Survey Data Variation 2

Usage

survey_data_2

Format

A data.table with 15 rows and 6 variables:

country

Factor with levels: "A", "B".

year

Numeric, with values: 2010, 2011, 2012, 2013.

variable1

Numeric.

variable2

Numeric. Modified variable values.

variable3

Numeric.

variable4

Numeric.

Source

Simulated data.


Survey Data Variation 2 with Cap Keys

Description

Survey Data Variation 2 with Cap Keys

Usage

survey_data_2_cap

Format

A data.table with 15 rows and 6 variables:

country

Factor with levels: "A", "B".

year

Numeric, with values: 2010, 2011, 2012, 2013.

variable1

Numeric.

variable2

Numeric.

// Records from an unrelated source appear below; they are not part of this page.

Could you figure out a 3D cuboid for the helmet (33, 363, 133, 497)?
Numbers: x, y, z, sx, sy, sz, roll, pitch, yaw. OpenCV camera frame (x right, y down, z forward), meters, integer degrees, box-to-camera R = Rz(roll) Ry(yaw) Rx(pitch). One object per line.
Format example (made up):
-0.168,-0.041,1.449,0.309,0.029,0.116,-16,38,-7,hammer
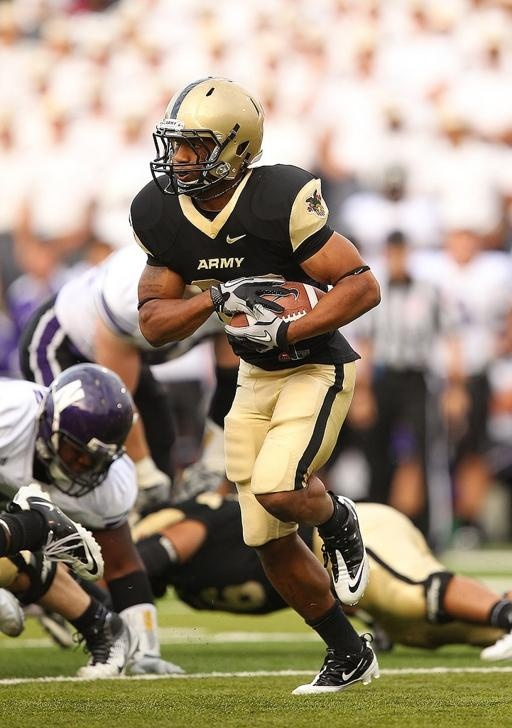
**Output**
-0.439,0.159,2.226,0.266,0.303,0.335,24,19,-20,helmet

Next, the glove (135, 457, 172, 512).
-0.431,0.508,3.459,0.121,0.214,0.252,6,9,11,glove

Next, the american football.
0.059,-0.100,1.696,0.208,0.059,0.112,-10,43,-1,american football

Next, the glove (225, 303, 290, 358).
0.004,-0.078,1.652,0.132,0.085,0.066,4,10,5,glove

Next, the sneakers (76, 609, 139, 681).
-0.414,0.797,2.210,0.132,0.145,0.168,2,9,-10,sneakers

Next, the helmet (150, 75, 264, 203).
-0.106,-0.497,1.737,0.196,0.274,0.232,7,10,17,helmet
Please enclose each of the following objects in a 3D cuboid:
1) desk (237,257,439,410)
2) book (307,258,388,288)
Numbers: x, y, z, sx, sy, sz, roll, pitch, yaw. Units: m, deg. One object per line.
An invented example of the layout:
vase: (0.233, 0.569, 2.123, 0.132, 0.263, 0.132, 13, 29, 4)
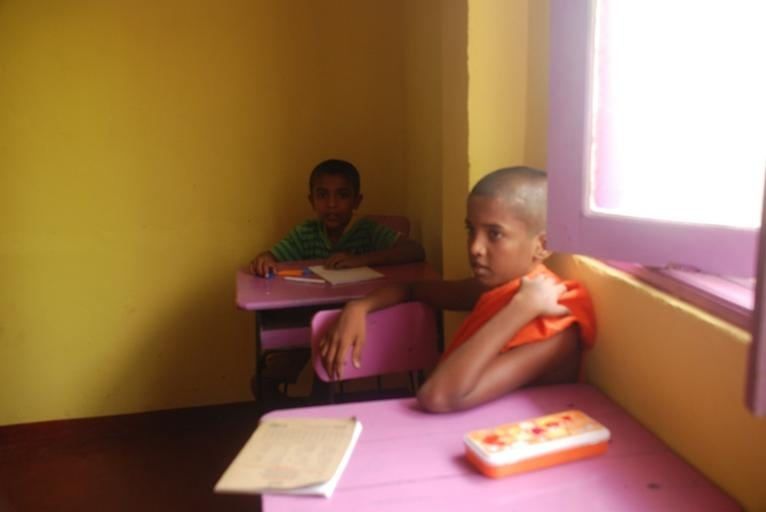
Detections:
desk: (-0.181, 0.247, 2.098, 0.740, 0.723, 0.599, -1, 4, -10)
book: (-0.146, 0.070, 2.232, 0.402, 0.055, 0.363, -4, 13, -14)
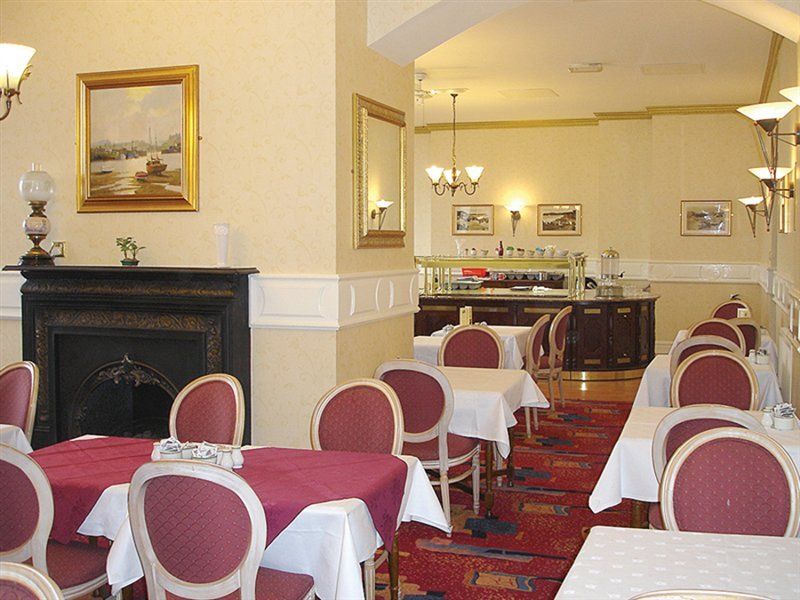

Modified variable values.

variable3

Numeric.

variable4

Numeric.

Source

Simulated data.


Survey Data Variation 3

Description

Survey Data Variation 3

Usage

survey_data_3

Format

A data.table with 15 rows and 6 variables:

country

Factor with levels: "A", "B".

year

Numeric, with values: 2010-2017.

variable1

Character. Modified variable class.

variable2

Numeric.

variable3

Numeric.

variable4

Numeric.

Source

Simulated data.


Survey Data Variation 4

Description

Survey Data Variation 4

Usage

survey_data_4

Format

A data.table with 12 rows (4 missing) and 6 variables:

country

Factor with levels: "A", "B".

year

Numeric, with values: 2010-2017.

variable1

Numeric.

variable2

Numeric.

variable3

Numeric.

variable4

Numeric.

Source

Simulated data.


Survey Data Variation 5

Description

Survey Data Variation 5

Usage

survey_data_5

Format

A data.table with 15 rows and 4 variables (2 missing):

country

Factor with levels: "A", "B".

year

Numeric, with values: 2010-2017.

variable1

Numeric.

variable2

Numeric.

variable3

Numeric.

variable4

Numeric.

Source

Simulated data.


Survey Data Variation 6

Description

Survey Data Variation 6

Usage

survey_data_6

Format

A data.table with 15+15 (duplicated) rows and 4 variables:

country

Factor with levels: "A", "B".

year

Numeric, with values: 2010-2017.

variable1

Numeric.

variable2

Numeric.

variable3

Numeric.

variable4

Numeric.

Source

Simulated data.


Survey Data Variation All

Description

Survey Data Variation All

Usage

survey_data_all

Format

A data.table with 12 rows and 6 variables:

country

Factor with levels: "A", "B".

year

Numeric, with values: 2010-2017.

variable1

Numeric.

variable2

Numeric.

variable3

Numeric.

Source

Simulated data.


Survey Data m:1

Description

Survey Data m:1

Usage

survey_data_m1

Format

A data.table with 15 rows and 6 variables:

country

Factor with levels: "A", "B".

year

Numeric, with values: 2010-2017.

variable1

Numeric.

variable2

Numeric.

variable3

Numeric.

variable4

Numeric.

Source

Variation of survey_data with non-unique ids and a m:1 relationship between ids and values.